BVerwG, Beschluss vom 12. 6. 2008 - 1 B 4. 08 (Lexetius.com/2008,1655)

In der Verwaltungsstreitsache hat der 1. Senat des Bundesverwaltungsgerichts am 12. Juni 2008 durch die Präsidentin des Bundesverwaltungsgerichts Eckertz-Höfer, den Richter am Bundesverwaltungsgericht Prof. Dr. Dörig und die Richterin am Bundesverwaltungsgericht Fricke beschlossen:

Der Klägerin wird für das Verfahren vor dem Bundesverwaltungsgericht Prozesskostenhilfe bewilligt und Rechtsanwalt …, beigeordnet.

Nach übereinstimmender Erledigungserklärung wird das Verfahren eingestellt.

Das Urteil des Bayerischen Verwaltungsgerichtshofs vom 13. Dezember 2007 und das Urteil des Bayerischen Verwaltungsgerichts Ansbach vom 20. Dezember 2005 sind wirkungslos.

Die Kosten des Verfahrens in allen Rechtszügen tragen die Klägerin und die Beklagte je zur Hälfte.

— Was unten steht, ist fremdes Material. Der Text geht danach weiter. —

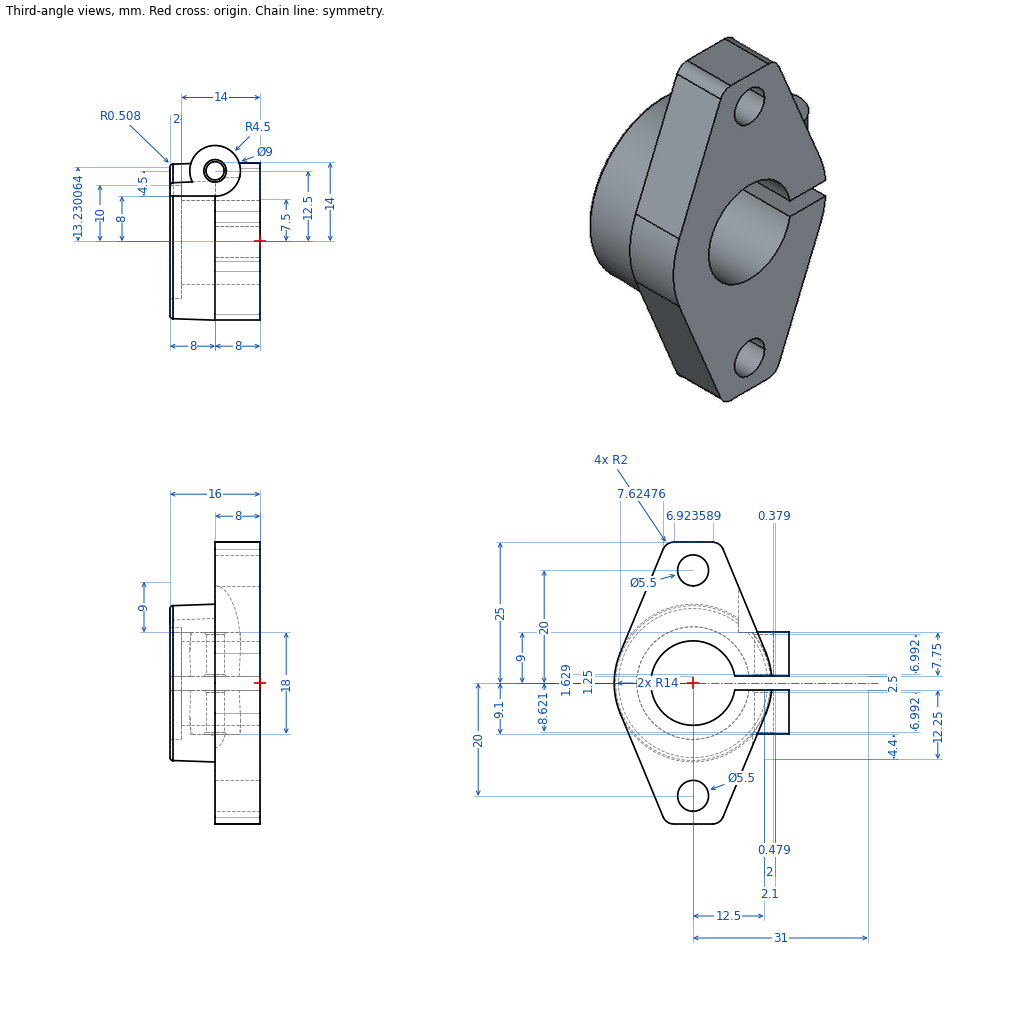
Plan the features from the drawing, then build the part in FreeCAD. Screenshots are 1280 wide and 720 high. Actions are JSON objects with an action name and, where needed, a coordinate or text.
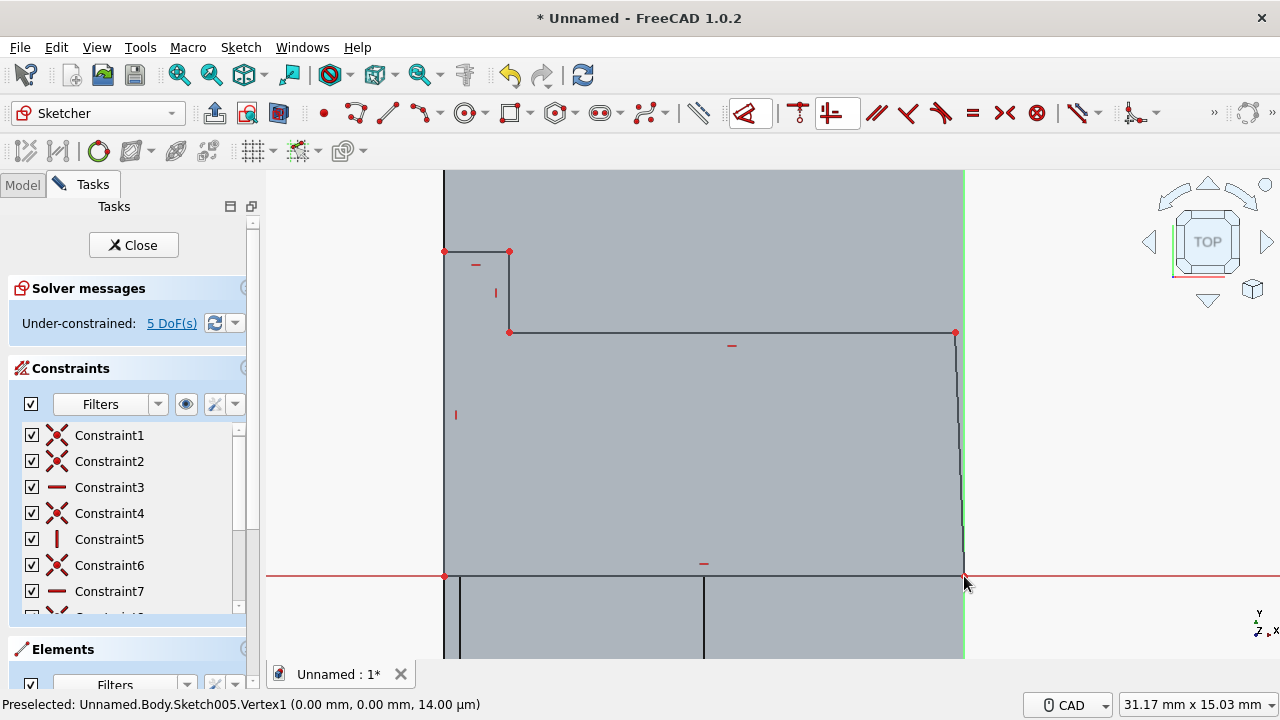
{"action": "left_click", "coordinate": [962, 503]}

Der Wert des Streitgegenstandes wird für das Verfahren vor dem Bundesverwaltungsgericht auf 312, 20 € festgesetzt.

Gründe:

Die Entscheidung über die Bewilligung von Prozesskostenhilfe folgt aus § 166 VwGO, § 114 ZPO. Die Voraussetzungen haben im Zeitpunkt der Entscheidungsreife vorgelegen.

Das Verfahren ist in der Hauptsache durch die übereinstimmenden Erklärungen der Klägerin und der Beklagten erledigt. Es ist daher in entsprechender Anwendung von § 141 Satz 1, § 125 Abs. 1 Satz 1 i. V. m. § 92 Abs. 3 Satz 1 VwGO einzustellen. Gemäß § 173 VwGO i. V. m. § 269 Abs. 3 ZPO sind die Entscheidungen der Vorinstanzen - mit Ausnahme der Streitwertfestsetzung - wirkungslos.

Über die Kosten des Verfahrens ist unter Berücksichtigung des bisherigen Sach- und Streitstandes nach billigem Ermessen zu entscheiden (§ 161 Abs. 2 VwGO). Vorliegend hat die Beklagte die verfahrensbeendigenden Erledigungserklärungen dadurch herbeigeführt, dass sie der Klägerin mit Bescheid vom 11. April 2008 zugesichert hat, den angegriffenen Ablehnungsbescheid vom 2. August 2005 in der Gestalt des Widerspruchsbescheides vom 6. September 2005 aufzuheben und dem Antrag der Klägerin auf Erstattung der Fahrtkosten in vollem Umfang stattzugeben und nach Eingang der Erledigungserklärung den Gesamtbetrag unverzüglich zu überweisen. Hiermit hat sie sich aber nicht freiwillig in die Rolle der Unterlegenen begeben, sondern - nach ihrem Vortrag - lediglich auf die nach Inkrafttreten der Ersten Verordnung zur Änderung der Integrationskursverordnung vom 5. Dezember 2007 veränderte Rechtslage reagiert. Bei dieser Sachlage entspricht es billigem Ermessen, die Kosten des gesamten Rechtsstreits zwischen der Klägerin und der Beklagten hälftig aufzuteilen.

Die Streitwertfestsetzung beruht auf § 47 Abs. 1 und 3, § 52 Abs. 3 GKG.